Debugging and Tracing

The CQLRT interface includes some helper macros for logging. These are defined as no-ops by default but, of course, they can be changed.

#define cql_contract assert
#define cql_invariant assert
#define cql_tripwire assert
#define cql_log_database_error(...)
#define cql_error_trace()

cql_contract and cql_invariant are for fatal errors. They both assert something that is expected to always be true (like assert) with the only difference being that the former is conventionally used to validate preconditions of functions.

cql_tripwire is a slightly softer form of assert that should crash in debug builds but only log an error in production builds. It is generally used to enforce a new condition that may not always hold with the goal of eventually transitioning over to cql_contract or cql_invariant once logging has demonstrated that the tripwire is never hit. When a fetch_results method is called, a failure results in a call to cql_log_database_error. Presently the log format is very simple. The invocation looks like this:

 cql_log_database_error(info->db, "cql", "database error");

The logging facility is expected to send the message to wherever is appropriate for your environment. Additionally it will typically get the failing result code and error message from SQLite, however these are likely to be stale. Failed queries usually still require cleanup and so the SQLite error codes be lost because (e.g.) a finalize has happened, clearing the code. You can do better if, for instance, your runtime caches the results of recent failed prepare calls. In any case, what you log and where you log it is entirely up to you.

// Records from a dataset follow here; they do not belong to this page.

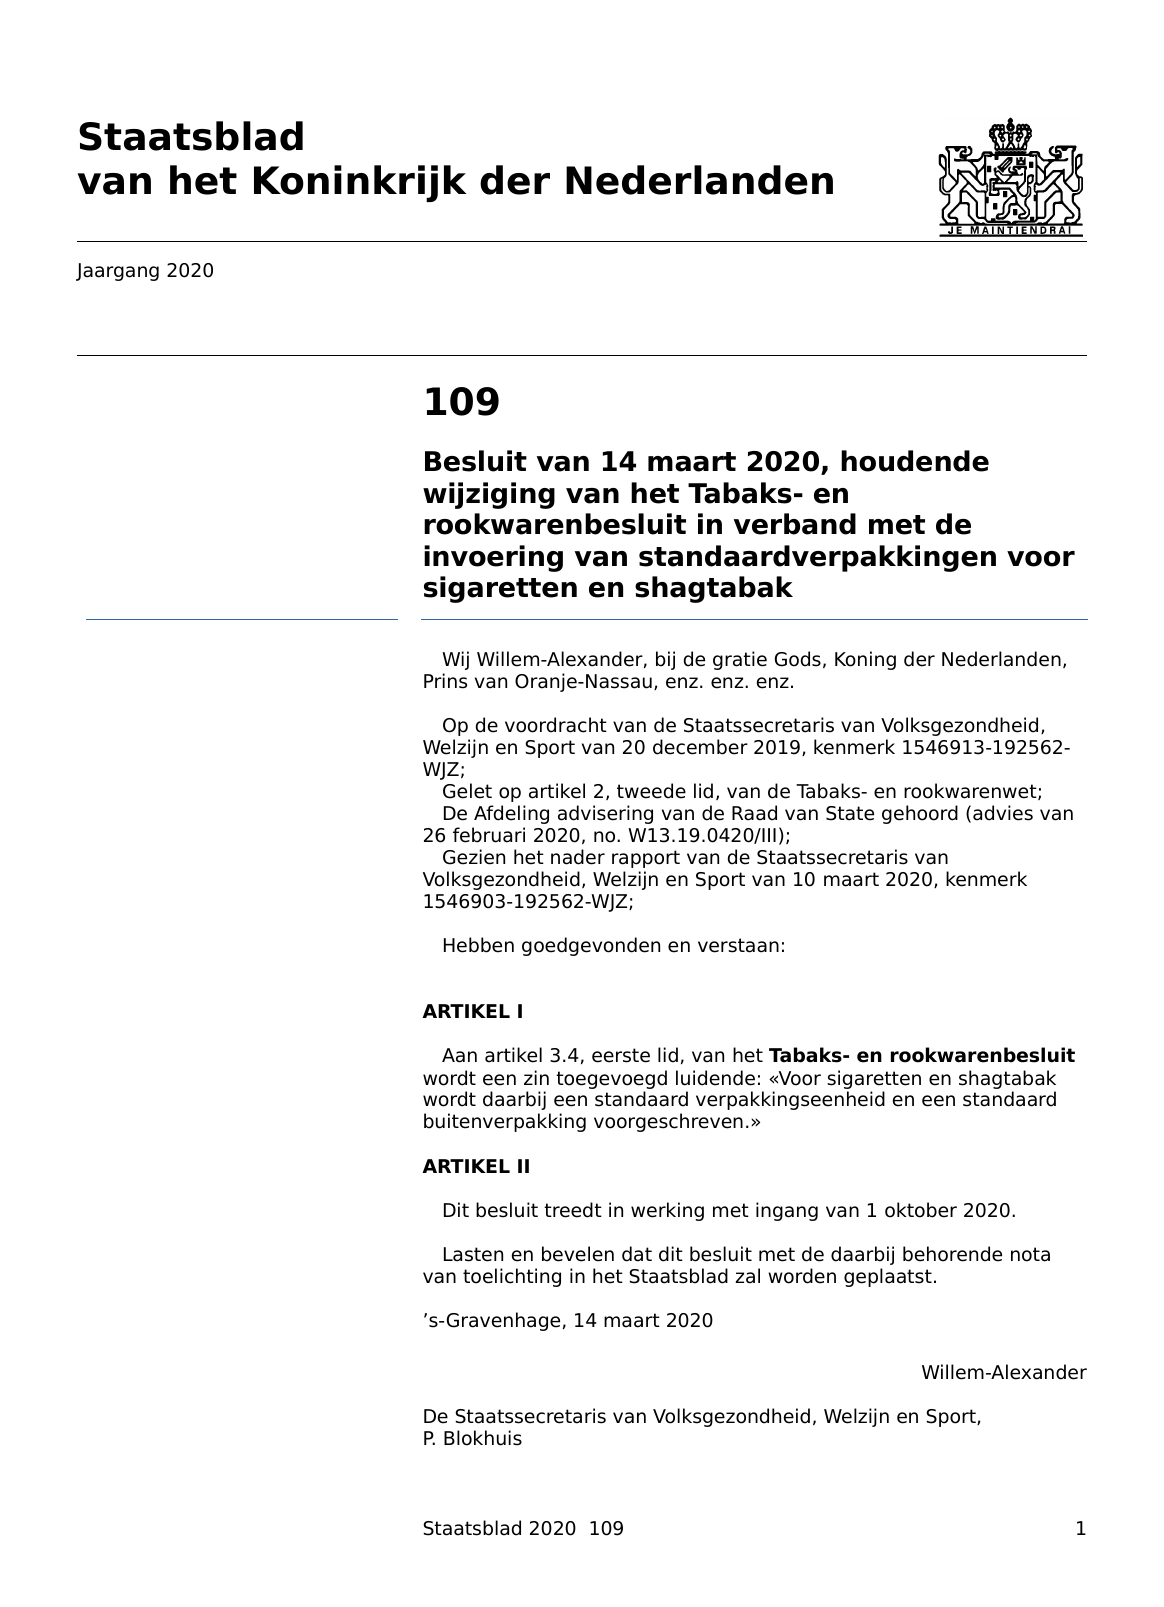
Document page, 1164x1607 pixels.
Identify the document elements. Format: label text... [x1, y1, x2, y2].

text Aan artikel 3.4, eerste lid, van het Tabaks- en rookwarenbesluit wordt een zin toegevoegd luidende: «Voor sigaretten en shagtabak wordt daarbij een standaard verpakkingseenheid en een standaard buitenverpakking voorgeschreven.» [422, 1045, 1087, 1133]
text Besluit van 14 maart 2020, houdende wijziging van het Tabaks- en rookwarenbesluit in verband met de invoering van standaardverpakkingen voor sigaretten en shagtabak [422, 447, 1087, 604]
text Lasten en bevelen dat dit besluit met de daarbij behorende nota van toelichting in het Staatsblad zal worden geplaatst. [422, 1244, 1087, 1288]
table_cell Jaargang 2020 [77, 242, 1087, 355]
picture [936, 115, 1087, 240]
text Gezien het nader rapport van de Staatssecretaris van Volksgezondheid, Welzijn en Sport van 10 maart 2020, kenmerk 1546903-192562-WJZ; [422, 847, 1087, 913]
text Hebben goedgevonden en verstaan: [422, 935, 1087, 957]
text De Afdeling advisering van de Raad van State gehoord (advies van 26 februari 2020, no. W13.19.0420/III); [422, 803, 1087, 847]
text ’s-Gravenhage, 14 maart 2020 [422, 1310, 1087, 1332]
table_header Staatsblad van het Koninkrijk der Nederlanden [77, 100, 886, 241]
subtitle 109 [422, 381, 1087, 424]
subtitle ARTIKEL II [422, 1156, 1087, 1177]
text Dit besluit treedt in werking met ingang van 1 oktober 2020. [422, 1200, 1087, 1222]
text De Staatssecretaris van Volksgezondheid, Welzijn en Sport, P. Blokhuis [422, 1406, 1087, 1450]
text Wij Willem-Alexander, bij de gratie Gods, Koning der Nederlanden, Prins van Oranje-Nassau, enz. enz. enz. [422, 649, 1087, 693]
table_header [886, 100, 1087, 241]
text Willem-Alexander [422, 1362, 1087, 1384]
subtitle ARTIKEL I [422, 1001, 1087, 1023]
text Op de voordracht van de Staatssecretaris van Volksgezondheid, Welzijn en Sport van 20 december 2019, kenmerk 1546913-192562-WJZ; [422, 715, 1087, 781]
text Gelet op artikel 2, tweede lid, van de Tabaks- en rookwarenwet; [422, 781, 1087, 803]
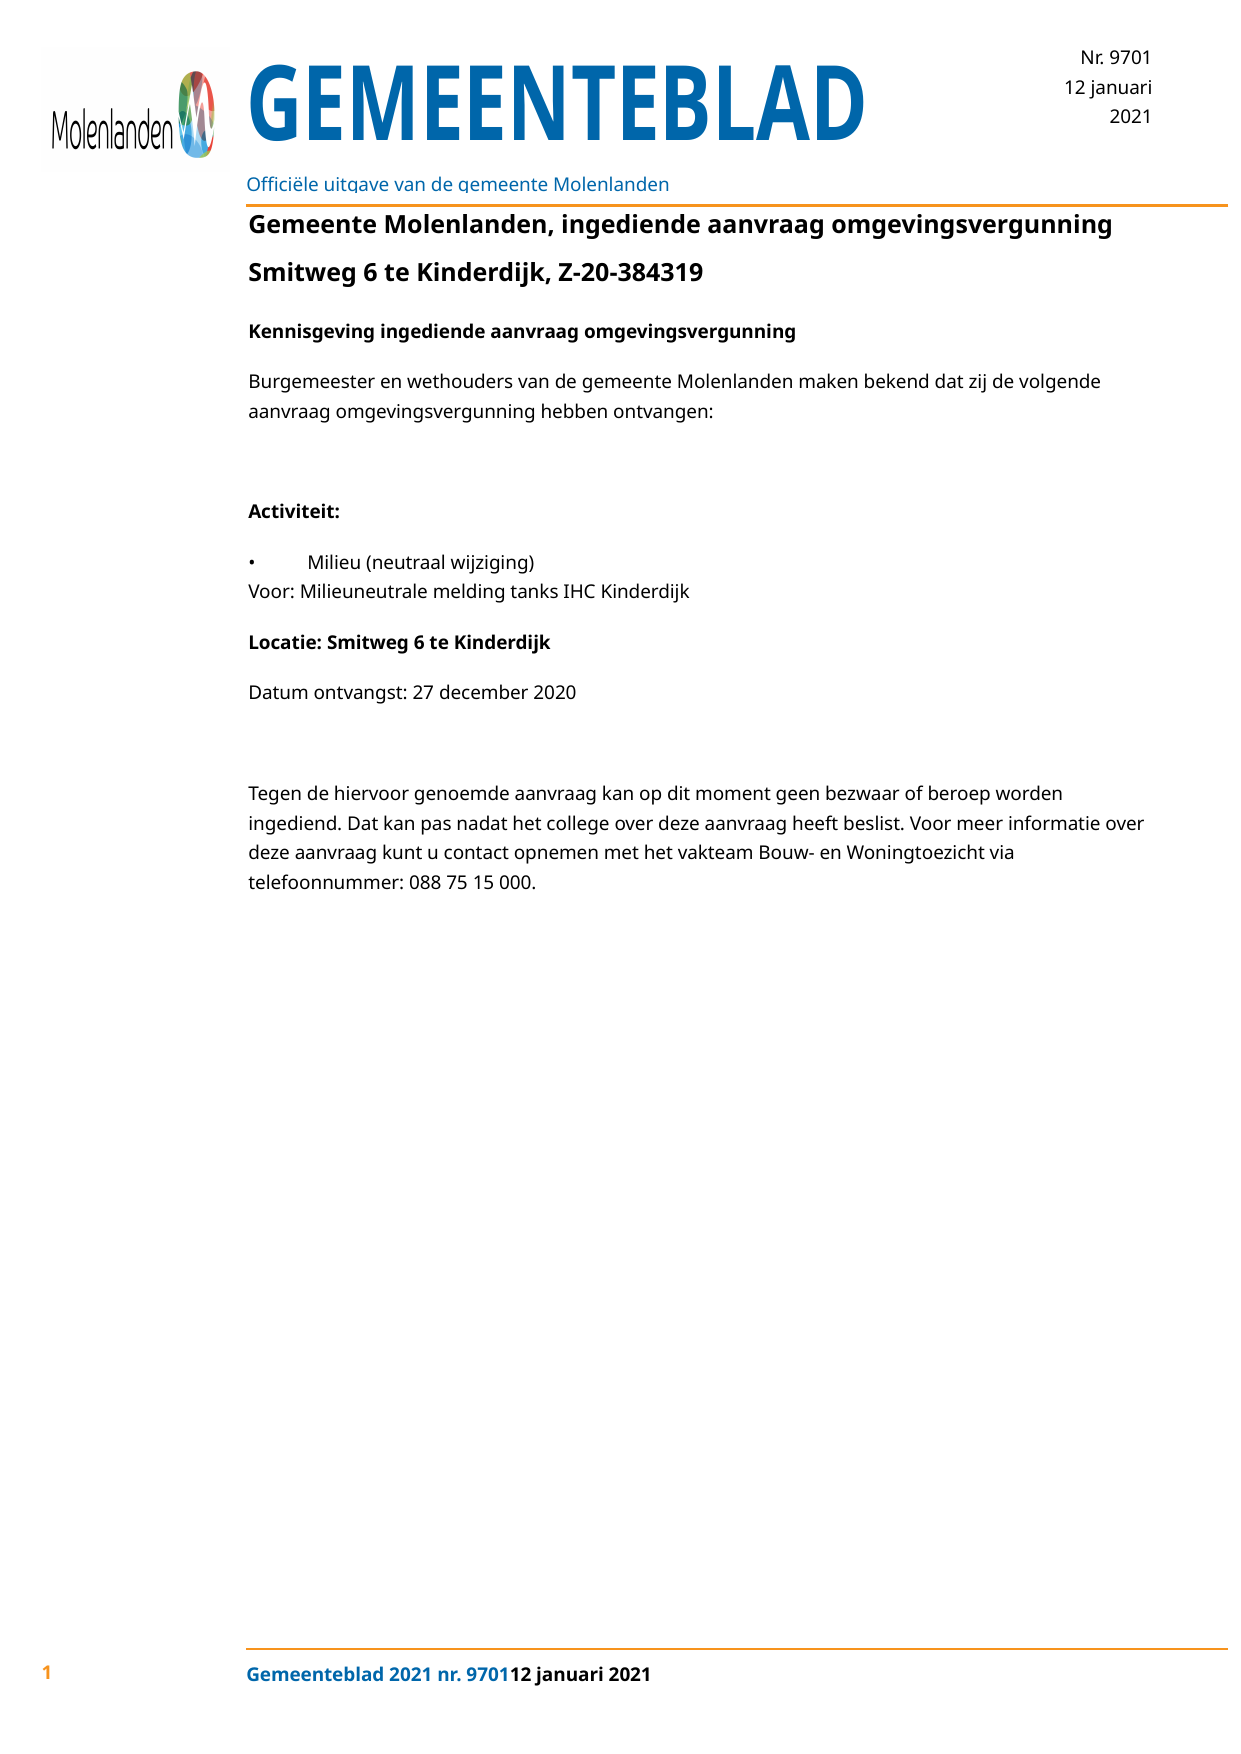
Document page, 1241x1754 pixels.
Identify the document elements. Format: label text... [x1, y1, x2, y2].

text Kennisgeving ingediende aanvraag omgevingsvergunning [248, 318, 1152, 344]
text Voor: Milieuneutrale melding tanks IHC Kinderdijk [248, 579, 1152, 604]
text Locatie: Smitweg 6 te Kinderdijk [248, 629, 1152, 655]
text Tegen de hiervoor genoemde aanvraag kan op dit moment geen bezwaar of beroep worden ingediend. Dat kan pas nadat het college over deze aanvraag heeft beslist. Voor meer informatie over deze aanvraag kunt u contact opnemen met het vakteam Bouw- en Woningtoezicht via telefoonnummer: 088 75 15 000. [248, 780, 1152, 895]
text Gemeente Molenlanden, ingediende aanvraag omgevingsvergunning Smitweg 6 te Kinderdijk, Z-20-384319 [248, 207, 1152, 288]
text Activiteit: [248, 499, 1152, 524]
picture [41, 47, 231, 172]
text Datum ontvangst: 27 december 2020 [248, 679, 1152, 705]
text Burgemeester en wethouders van de gemeente Molenlanden maken bekend dat zij de volgende aanvraag omgevingsvergunning hebben ontvangen: [248, 368, 1152, 424]
list Milieu (neutraal wijziging) [248, 549, 1152, 575]

The cql_error_trace macro is described in Internals Part 3 It will typically invoke printf or fprintf or something like that to trace the origin of thrown exceptions and to get the error text from SQLite as soon as possible.

An example might be:

#define cql_error_trace() fprintf(stderr, "error %d in %s %s:%d\n", _rc_, _PROC_, __FILE__, __LINE_)

Typically the cost of all these diagnostics is too high to include in production code so this is turned on when debugging failures. But you can make that choice for yourself.

Customizing Code Generation

The file rt.c defines the common result types, additional result types can be readily added to this file.

The C data type rtdata includes many text fragments that directly control the code generation. If you want to make your generated code look more like say CoreFoundation you can define an rtdata that will do the job. This will mean a lot of your generated code won’t require the #defines for the CQL types, it can use your runtime directly. You can also enable things like Pascal casing for procedure names and a common prefix on procedure names if those are useful in your environment. However, the system is designed so that such changes aren’t necessary. The data types in cqlrt.h are enough for any remapping, additional changes with rtdata are merely cosmetic.

Summary

The CQLRT macros are very powerful, they allow you to target almost any runtime with a C API. The cqlrt_cf version is a good example of the sorts of changes you can make.

Concurrency and Statement Caching are not supported in the basic version for cqlrt.h. If this is important to you you might want to customize for that.

Helper functions for additional data types can be added, and they can be unique to your runtime.

There are tracing macros to help with debugability. Providing some useful versions of those can be of great help in production environments.